In het Oude Testament hebben wij enkele bijzondere beelden van Gods verbondenheid met de Zijnen:

  1. In het paradijs, bij Adam en Eva. God kwam bij hen en sprak met hen. "Toen zij het geluid van de HERE God hoorden, die in de hof wandelde in de avondkoelte, verborgen de mens en zijn vrouw zich voor de HERE God tussen het geboomte in de hof." (Genesis 3:8) In Zijn liefde zocht God de verloren mens op en maakte hen Zijn straf maar ook Zijn genade bekend.
  2. In de woestijn, bij de brandende braamstruik. God kwam tot Mozes en maakte hem bekend, dat Hij speciaal voor de redding van Zijn volk gekomen was. "Toen de HERE zag, dat hij het ging bezien, riep God hem uit de braamstruik toe: Mozes, Mozes! En hij antwoordde: hier ben ik. Daarop zei Hij: kom niet dichterbij: doe uw schoenen van uw voeten, want de plaats, waarop gij staat, is heilige grond. Voorts zei Hij: Ik ben de God van uw vader, de God van Abraham, de God van Isaak en de God van Jakob. Toen verborg Mozes zijn gelaat, want hij vreesde God te aanschouwen. En de HERE zei: Ik heb terdege gezien de ellende van Mijn volk, dat in Egypte is, en hun gejammer over hun drijvers gehoord, ja, Ik ken hun smarten. Daarom ben Ik nedergedaald om hen uit de macht der Egyptenaren te redden en uit dit land te voeren naar een goed en wijd land, een land vloeiende van melk en honig..." (Exodus 3:4-8)
  3. Nogmaals in de woestijn, door middel van de vuurkolom. Hier velde God het oordeel over de Egyptenaren en leidde Hij Zijn volk naar de vrijheid. "Toen dan, in de morgenwake, schouwde de HERE in vuurkolom en wolk naar het leger der Egyptenaren en bracht het leger der Egyptenaren in verwarring. Hij deed de wielen van hun wagens wegglijden en met moeite voortrijden, zodat de Egyptenaren zeiden: laten wij vluchten voor de Israëlieten, want de HERE strijdt voor hen tegen Egypte." (Exodus 14:24,25)
  4. Nog een keer in de woestijn, door middel van de wolkkolom bij de tabernakel. God openbaarde het volk Zijn heerlijkheid en sprak met hen. "En de wolk bedekte de tent der samenkomst, en de heerlijkheid des HEREN vervulde de tabernakel, zodat Mozes de tent der samenkomst niet kon binnengaan, want de wolk rustte daarop, en de heerlijkheid des HEREN vervulde de tabernakel." (Exodus 40:34,35)
  5. Vervolgens bij de Here Jezus. "En dit alles is uit God, die door Christus ons met Zich verzoend heeft en ons de bediening der verzoening gegeven heeft, welke immers hierin bestaat, dat God in Christus de wereld met Zichzelf verzoenende was, door hun hun overtredingen niet toe te rekenen, en dat Hij ons het woord der verzoening heeft toevertrouwd." (2 Corinthe 5:18,19)
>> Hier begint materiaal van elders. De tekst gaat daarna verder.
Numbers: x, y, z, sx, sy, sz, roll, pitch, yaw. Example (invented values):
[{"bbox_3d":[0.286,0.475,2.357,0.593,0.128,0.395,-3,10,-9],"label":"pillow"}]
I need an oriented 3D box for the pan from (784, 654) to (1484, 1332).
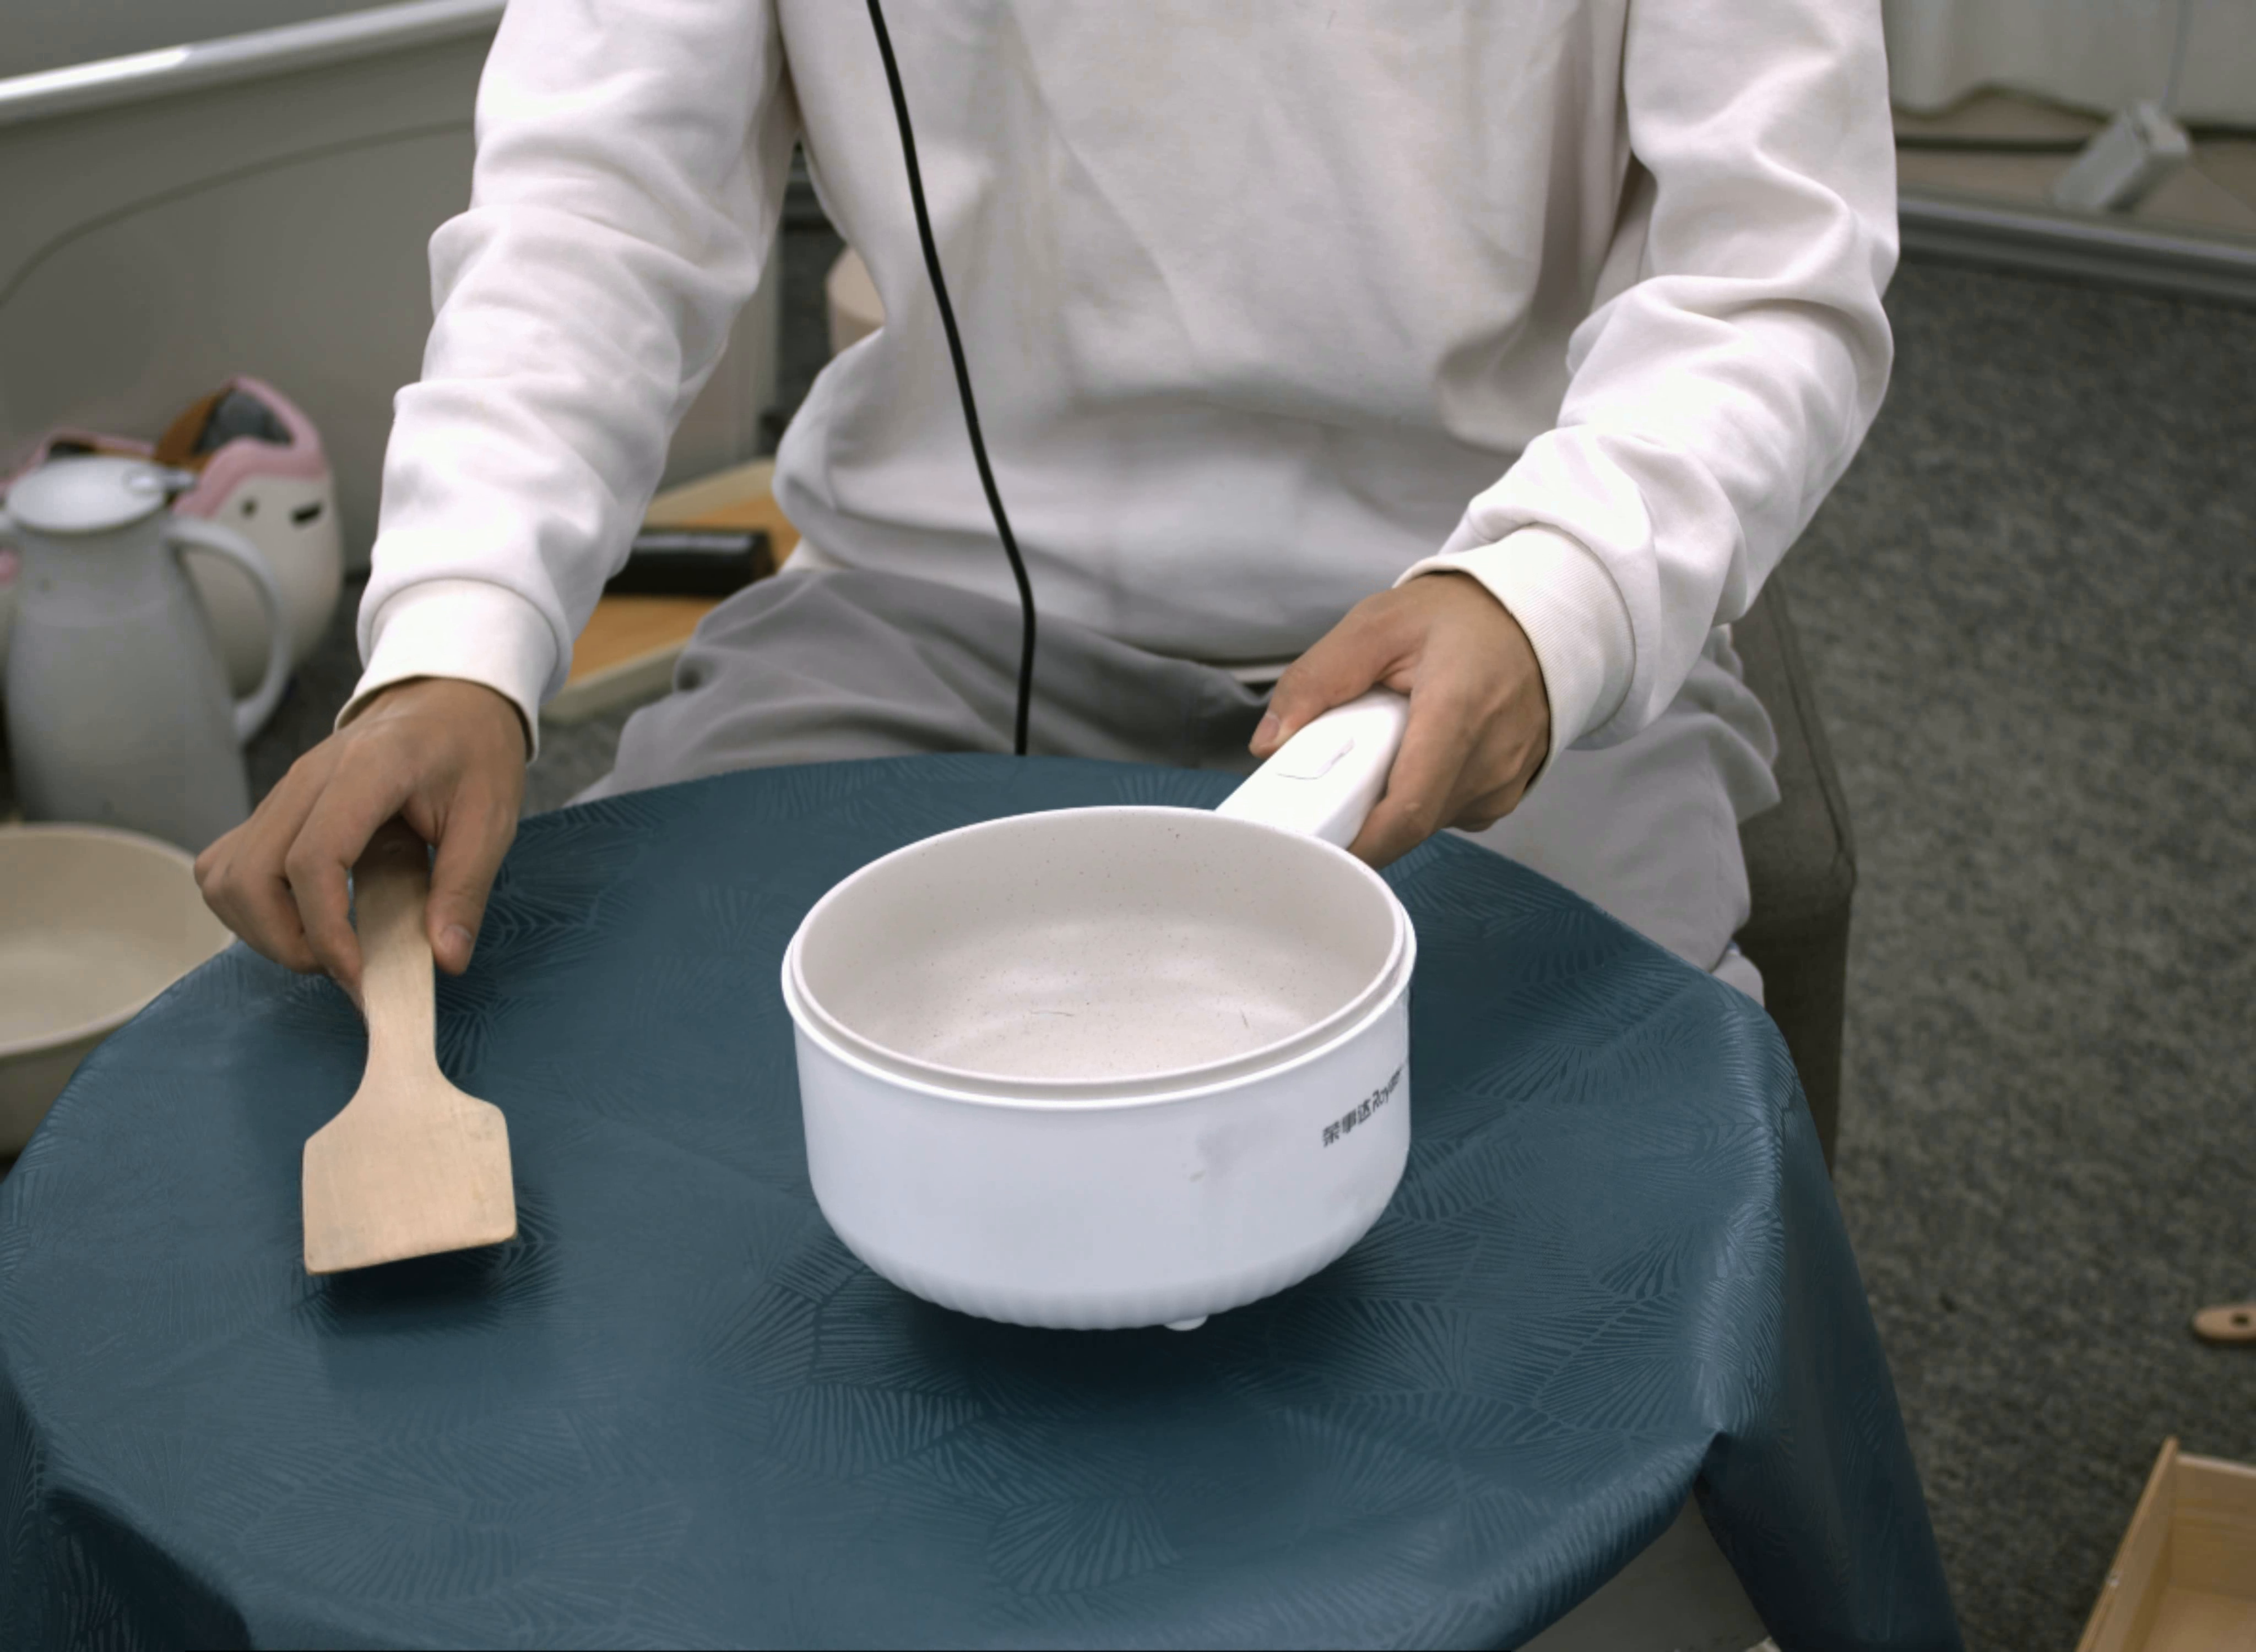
[{"bbox_3d":[0.028,0.052,1.857,0.200,0.101,0.360,8,26,26],"label":"pan"}]

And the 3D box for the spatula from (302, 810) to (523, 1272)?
[{"bbox_3d":[-0.251,0.070,1.937,0.072,0.010,0.297,-10,30,-4],"label":"spatula"}]

  6. En ook bij ons als gelovigen. "Of weet gij niet, dat uw lichaam een tempel is van de Heilige Geest, die in u woont, die gij van God ontvangen hebt, en dat gij niet van uzelf zijt?" (1 Corinthe 6:19) Dit is Gods laatste openbaring en het is de openbaring van God, die nog steeds geldig is.

De geestelijke zegeningen

  1. Een leven in geloof. "Met Christus ben ik gekruisigd, en toch leef ik, dat is, niet meer mijn ik, maar Christus leeft in mij. En voor zover ik nu nog in het vlees leef, leef ik door het geloof in de Zoon van God, die mij heeft liefgehad en Zich voor mij heeft overgegeven." (Galaten 2:20)
  2. Een leven met geestelijke kracht. "...opdat Hij u geve, naar de rijkdom zijner heerlijkheid, met kracht gesterkt te worden door zijn Geest in de inwendige mens, opdat Christus door het geloof in uw harten woning make." (Ephese 3:16)
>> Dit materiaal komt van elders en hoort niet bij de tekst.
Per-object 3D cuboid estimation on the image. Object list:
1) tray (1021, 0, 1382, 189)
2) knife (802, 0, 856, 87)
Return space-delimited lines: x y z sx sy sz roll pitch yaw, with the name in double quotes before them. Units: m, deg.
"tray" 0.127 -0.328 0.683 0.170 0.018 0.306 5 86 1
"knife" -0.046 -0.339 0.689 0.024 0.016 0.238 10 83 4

  3. Een leven waarin God door ons werken kan. "Want God is het, die om Zijn welbehagen zowel het willen als het werken in u werkt." (Philippenzen 2:13)
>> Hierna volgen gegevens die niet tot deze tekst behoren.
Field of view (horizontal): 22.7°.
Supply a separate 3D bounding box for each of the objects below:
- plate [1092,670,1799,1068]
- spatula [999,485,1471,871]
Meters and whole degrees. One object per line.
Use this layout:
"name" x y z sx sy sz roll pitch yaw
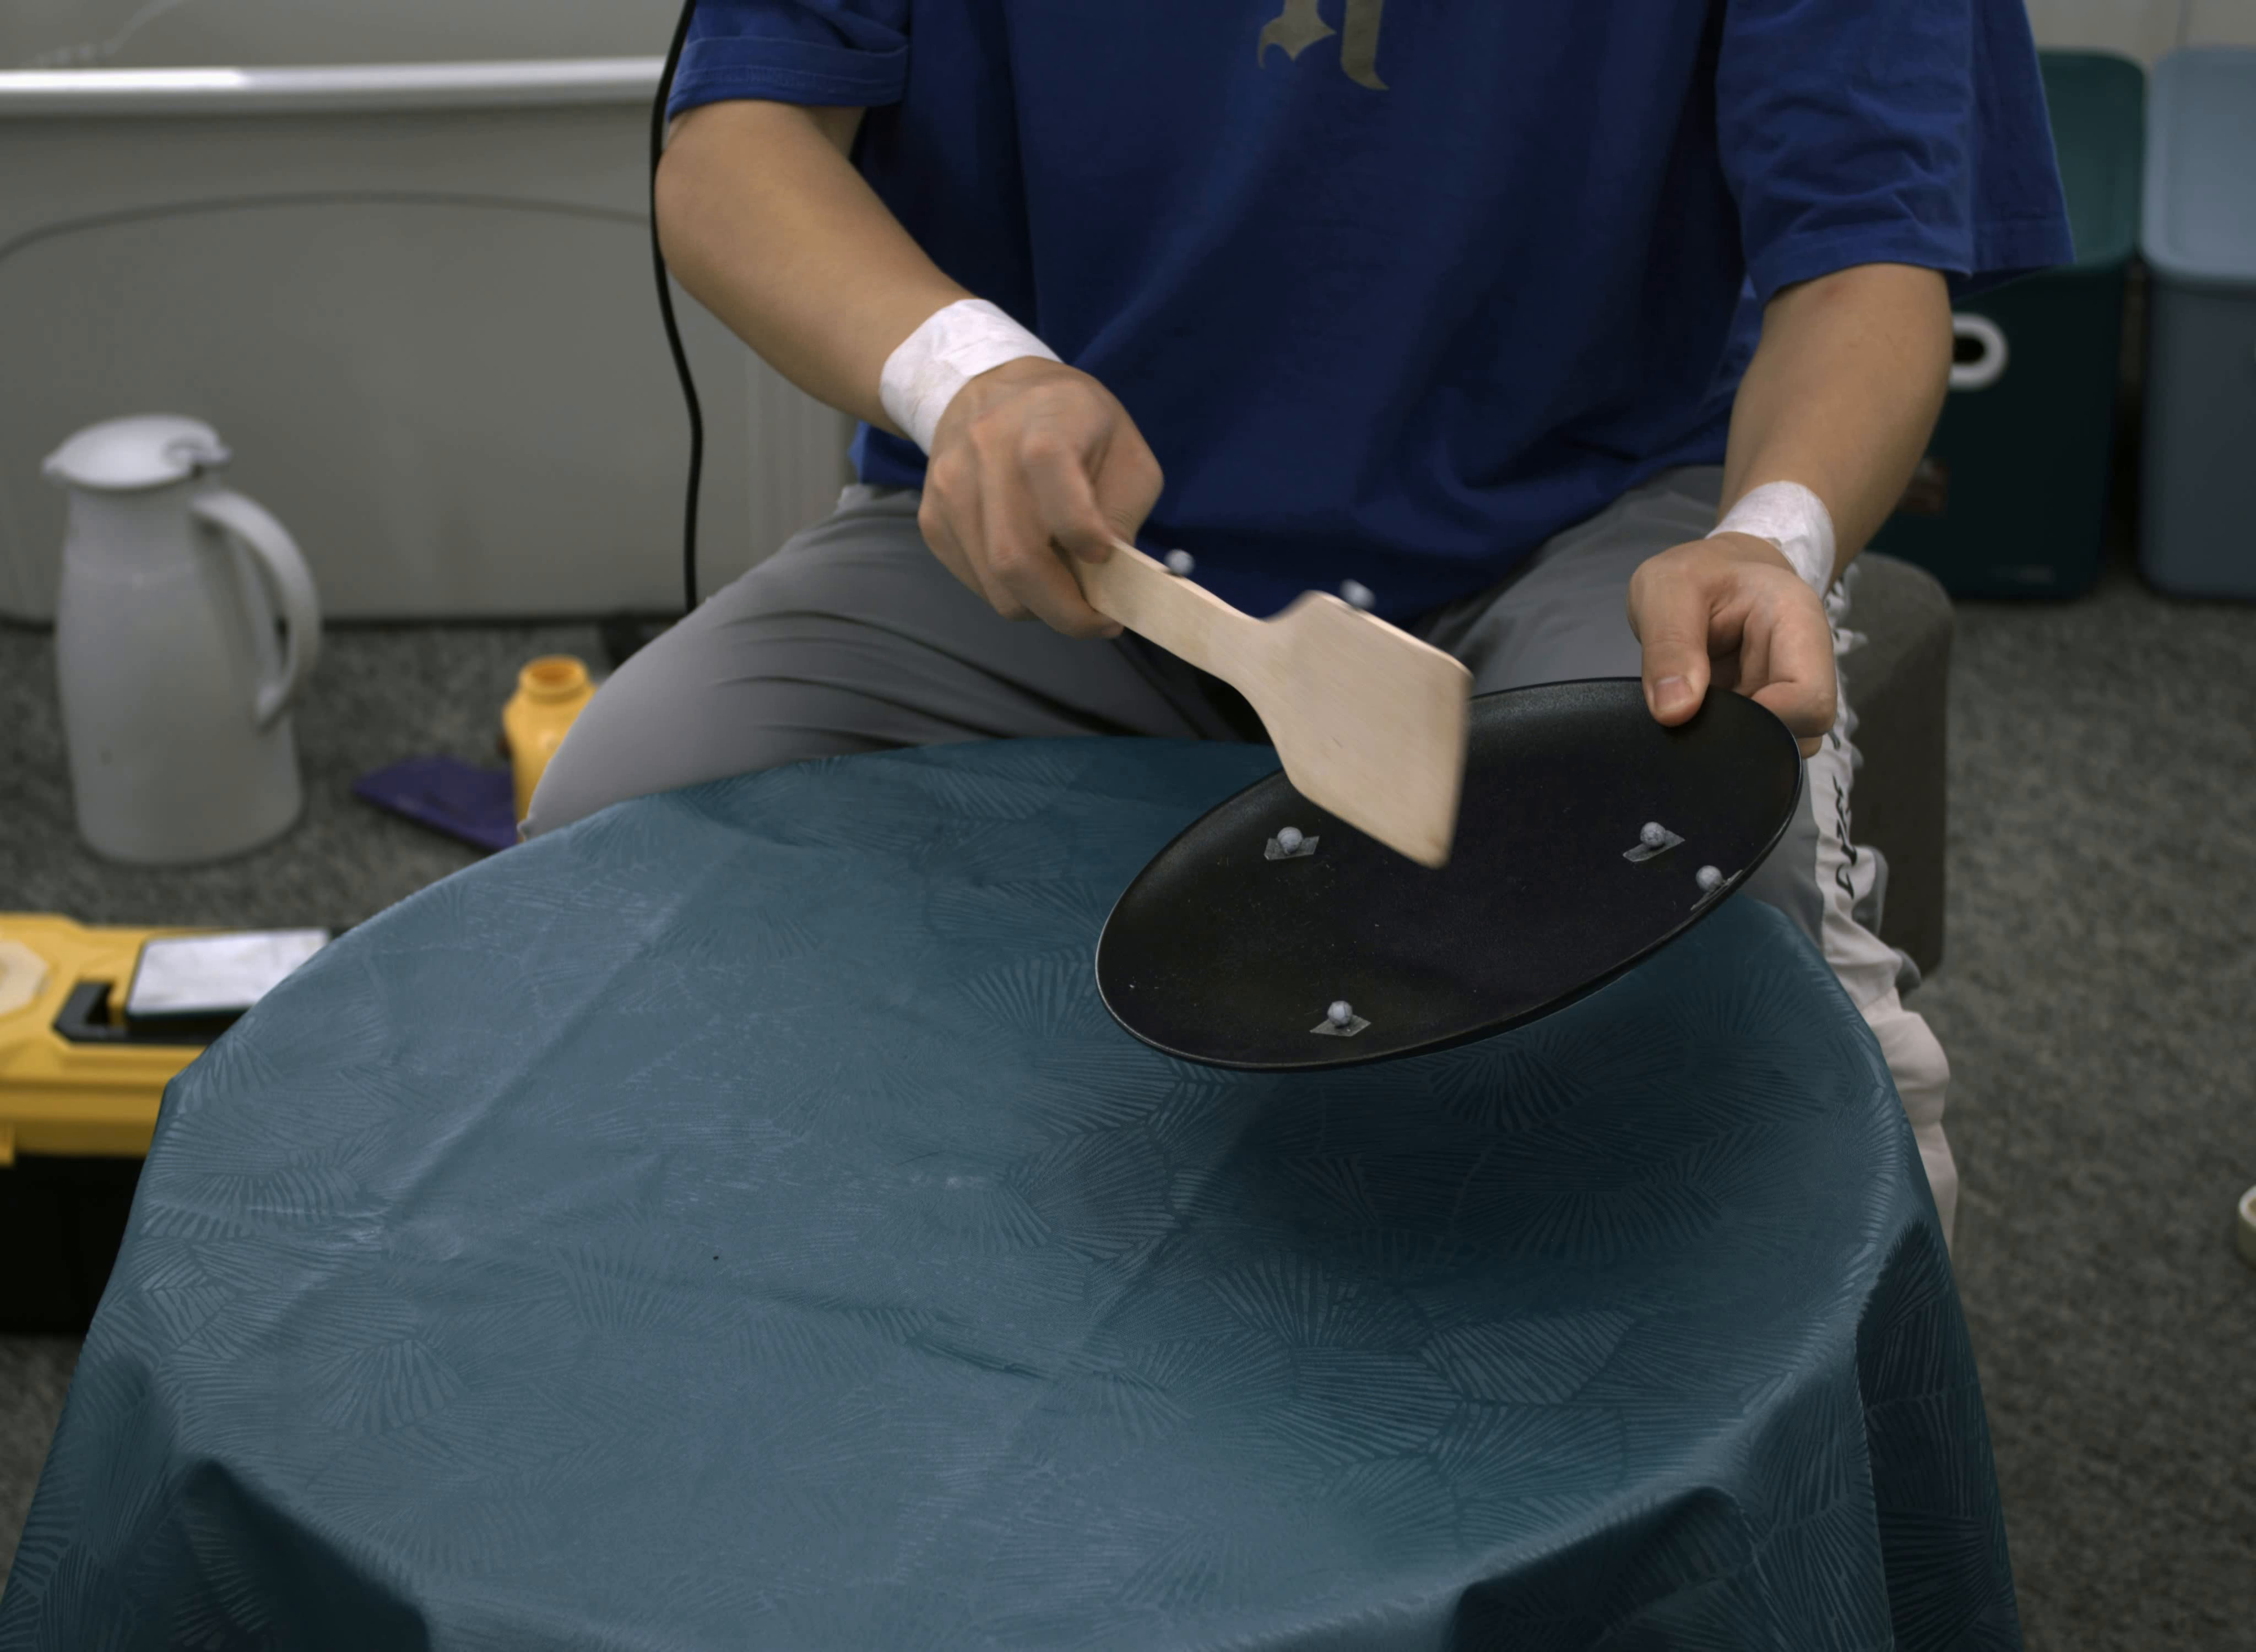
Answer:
"plate" 0.105 0.018 1.846 0.243 0.023 0.248 -17 24 8
"spatula" 0.029 -0.065 1.914 0.011 0.072 0.294 -4 22 -31

  4. Een leven waarin wij vol blijdschap leven uit het feit dat de heerlijkheid van de Here Jezus ten volle openbaar in ons mag worden. "Hun heeft God willen bekendmaken, hoe rijk de heerlijkheid van dit geheimenis is onder de heidenen: Christus onder u (een betere vertaling is: Christus in u), de hoop der heerlijkheid." (Colossenzen 1:27)

Het is belangrijk, dat wij op deze geestelijke manier de Here Jezus zien. Zo wil Hij in ons openbaar worden.